# How long should your Western stirrups be?



## equiniphile (Aug 16, 2009)

How long should my Western stirrups be? I've always worked with them at what "feels right" but what is the exact way to find out? I have a 14hh paso fino...Wintec Western All-Rounder saddle...I'm 5'5" and have really long legs so the usual "length of wrist to elbow" rule doesn't work for me.
thx--
Sage


----------



## Liberty Valance (Jul 13, 2009)

The way I always did it was that when I sat in the saddle, the stirrup should knock at my heels. I find that if I use the traditional "knock at the ankles" method, my knees are bent too much and they hurt. I've looked at pictures of myself with my stirrups adjusted at the ankle and my legs look like I should be in an english saddle. (The ankle is what I use for english.)
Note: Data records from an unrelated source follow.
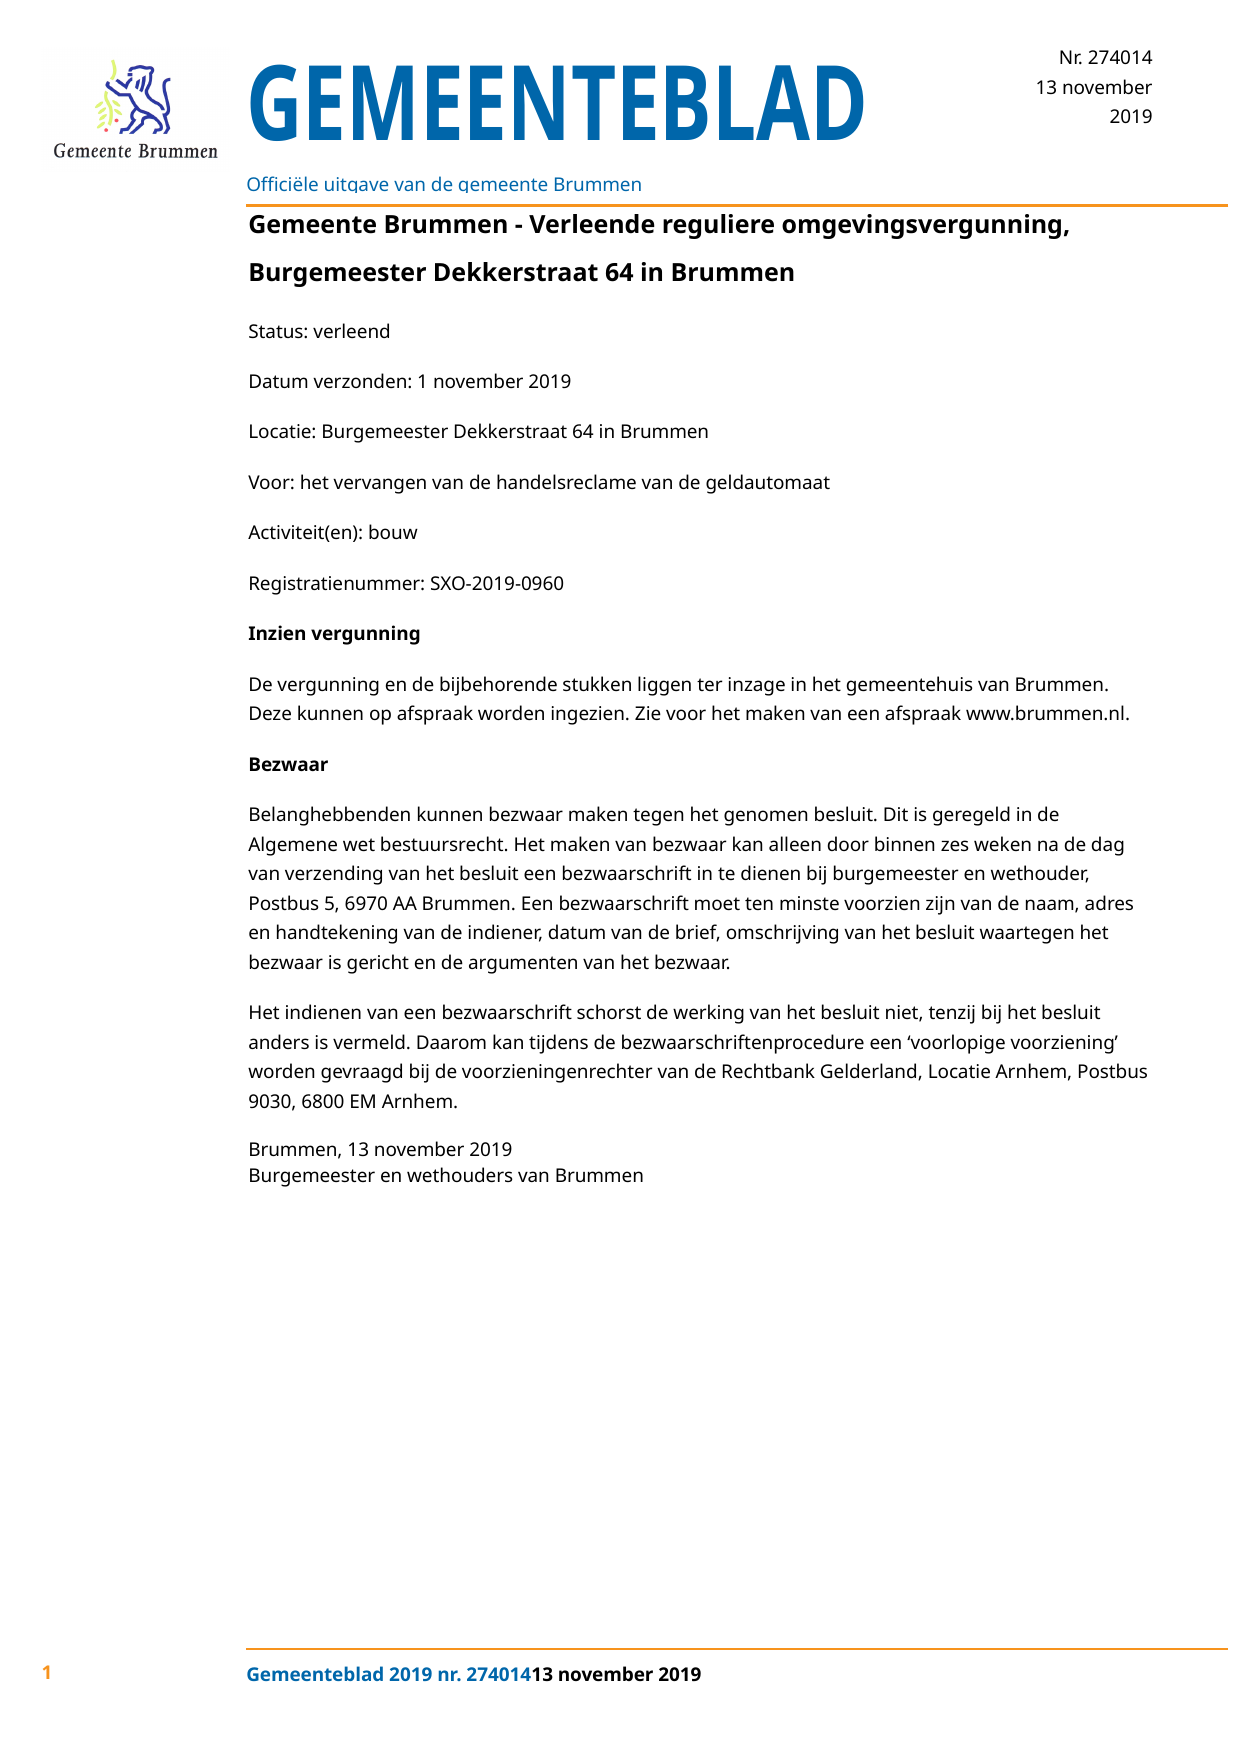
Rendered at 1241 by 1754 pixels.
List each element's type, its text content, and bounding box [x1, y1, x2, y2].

text Gemeente Brummen - Verleende reguliere omgevingsvergunning, Burgemeester Dekkerstraat 64 in Brummen [248, 207, 1152, 288]
text Registratienummer: SXO-2019-0960 [248, 570, 1152, 596]
text Status: verleend [248, 318, 1152, 344]
text Belanghebbenden kunnen bezwaar maken tegen het genomen besluit. Dit is geregeld in de Algemene wet bestuursrecht. Het maken van bezwaar kan alleen door binnen zes weken na de dag van verzending van het besluit een bezwaarschrift in te dienen bij burgemeester en wethouder, Postbus 5, 6970 AA Brummen. Een bezwaarschrift moet ten minste voorzien zijn van de naam, adres en handtekening van de indiener, datum van de brief, omschrijving van het besluit waartegen het bezwaar is gericht en de argumenten van het bezwaar. [248, 801, 1152, 975]
text Het indienen van een bezwaarschrift schorst de werking van het besluit niet, tenzij bij het besluit anders is vermeld. Daarom kan tijdens de bezwaarschriftenprocedure een ‘voorlopige voorziening’ worden gevraagd bij de voorzieningenrechter van de Rechtbank Gelderland, Locatie Arnhem, Postbus 9030, 6800 EM Arnhem. [248, 999, 1152, 1114]
text Locatie: Burgemeester Dekkerstraat 64 in Brummen [248, 419, 1152, 444]
text Datum verzonden: 1 november 2019 [248, 368, 1152, 394]
text Brummen, 13 november 2019 [248, 1136, 1152, 1162]
text Inzien vergunning [248, 620, 1152, 646]
text Voor: het vervangen van de handelsreclame van de geldautomaat [248, 469, 1152, 495]
picture [41, 47, 231, 172]
text Bezwaar [248, 751, 1152, 777]
text Burgemeester en wethouders van Brummen [248, 1162, 1152, 1188]
text De vergunning en de bijbehorende stukken liggen ter inzage in het gemeentehuis van Brummen. Deze kunnen op afspraak worden ingezien. Zie voor het maken van een afspraak www.brummen.nl. [248, 671, 1152, 726]
text Activiteit(en): bouw [248, 519, 1152, 545]

Should look something like this...heel not as deep as english and knee not bent too much...nice and relaxed.


----------



## iridehorses (Oct 22, 2007)

My rule of thumb is to have about 1" or 1 1/2" between the saddle and my crotch when I stand in the stirrups (feet in the riding position). I find that that gives me just the right amount of flex to my legs for any gate or even a small jump on the trail. The picture that Liberty posted looks just about perfect.


----------



## equiniphile (Aug 16, 2009)

thanks!


----------



## ridesapaintedpony (Apr 14, 2009)

I read somewhere to start off measuring them on the ground. Put your hand up on the fender and then under the seat jockey. The stirrup should be as long as your arm. Then you can adjust from there once you see how it feels when you're in the saddle.


----------



## 7Ponies (May 21, 2009)

I've always adjusted so that the stirrups knock my heel (like a previous poster said). In English I measure so the stirrup knocks my ankle bone.


----------



## SorrelHorse (Apr 9, 2009)

When I was learning to adjust stirrups I was taught that you should be able to have about the space of your hand underneath you when you stand in the stirrups.
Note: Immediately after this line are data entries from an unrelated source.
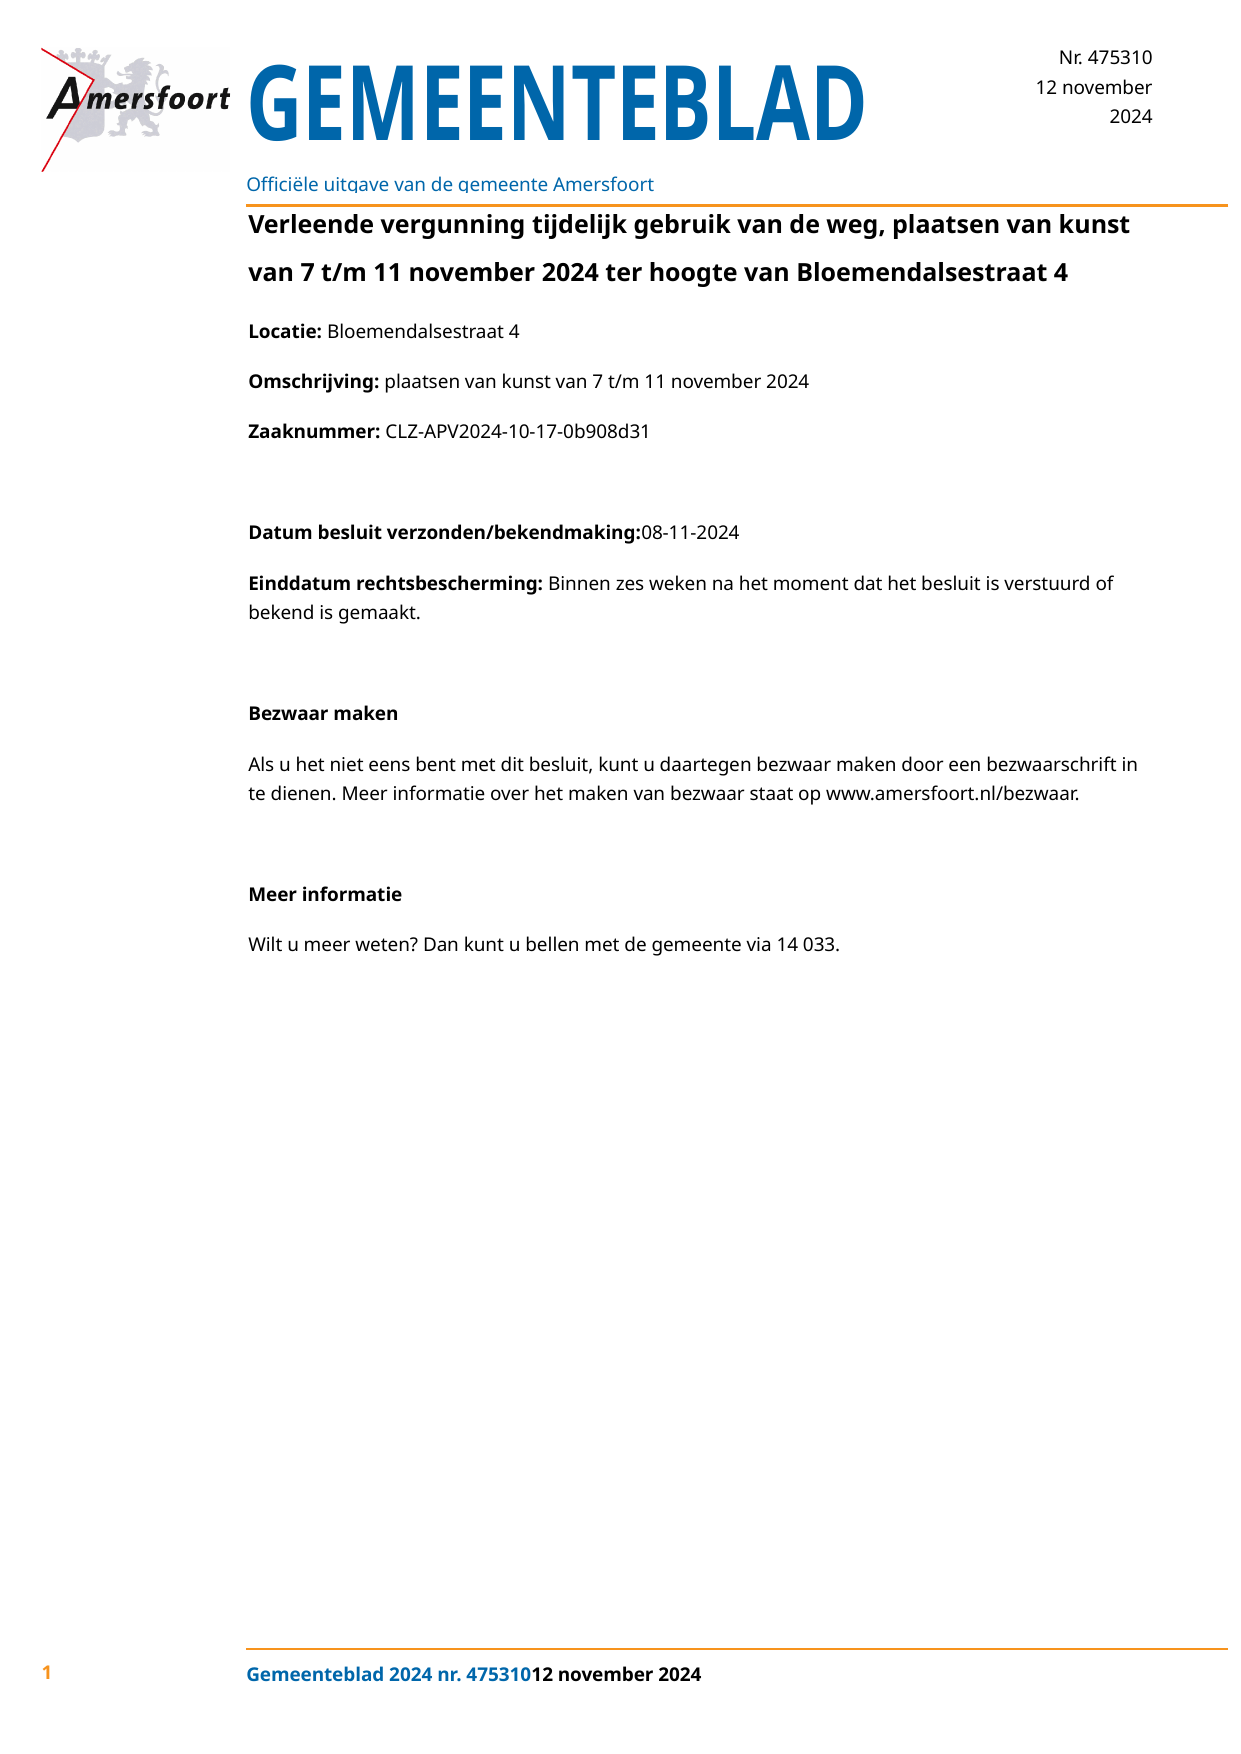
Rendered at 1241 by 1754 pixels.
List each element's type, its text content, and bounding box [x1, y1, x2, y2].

text Verleende vergunning tijdelijk gebruik van de weg, plaatsen van kunst van 7 t/m 11 november 2024 ter hoogte van Bloemendalsestraat 4 [248, 207, 1152, 288]
text Einddatum rechtsbescherming: Binnen zes weken na het moment dat het besluit is verstuurd of bekend is gemaakt. [248, 570, 1152, 625]
text Bezwaar maken [248, 700, 1152, 726]
text Locatie: Bloemendalsestraat 4 [248, 318, 1152, 344]
picture [41, 47, 231, 172]
text Omschrijving: plaatsen van kunst van 7 t/m 11 november 2024 [248, 368, 1152, 394]
text Als u het niet eens bent met dit besluit, kunt u daartegen bezwaar maken door een bezwaarschrift in te dienen. Meer informatie over het maken van bezwaar staat op www.amersfoort.nl/bezwaar. [248, 751, 1152, 806]
text Zaaknummer: CLZ-APV2024-10-17-0b908d31 [248, 419, 1152, 444]
text Meer informatie [248, 881, 1152, 907]
text Wilt u meer weten? Dan kunt u bellen met de gemeente via 14 033. [248, 932, 1152, 957]
text Datum besluit verzonden/bekendmaking:08-11-2024 [248, 519, 1152, 545]

Now, this was a very long ago and I don't know if there are better methods but it has always worked for me on all the saddles I have had over the years.


----------



## equiniphile (Aug 16, 2009)

does this look about right then?







http://i497.photobucket.com/albums/rr340/equiniphile/riding.jpg


----------



## iridehorses (Oct 22, 2007)

SorrelHorse said:


> When I was learning to adjust stirrups I was taught that you should be able to have about the space of your hand underneath you when you stand in the stirrups.
> quote]
> A hand is ~3 to 4". That is a LOT of bend to your knees and, for me, pretty painful after 2 or 3 hours in on the trail.


----------



## equiniphile (Aug 16, 2009)

iridehorses said:


> SorrelHorse said:
> 
> 
> > When I was learning to adjust stirrups I was taught that you should be able to have about the space of your hand underneath you when you stand in the stirrups.
> ...


----------



## iridehorses (Oct 22, 2007)

equiniphile said:


> I think they meant the distance from your palm to the back of your hand....so about an inch


LOL! Then it will work!


----------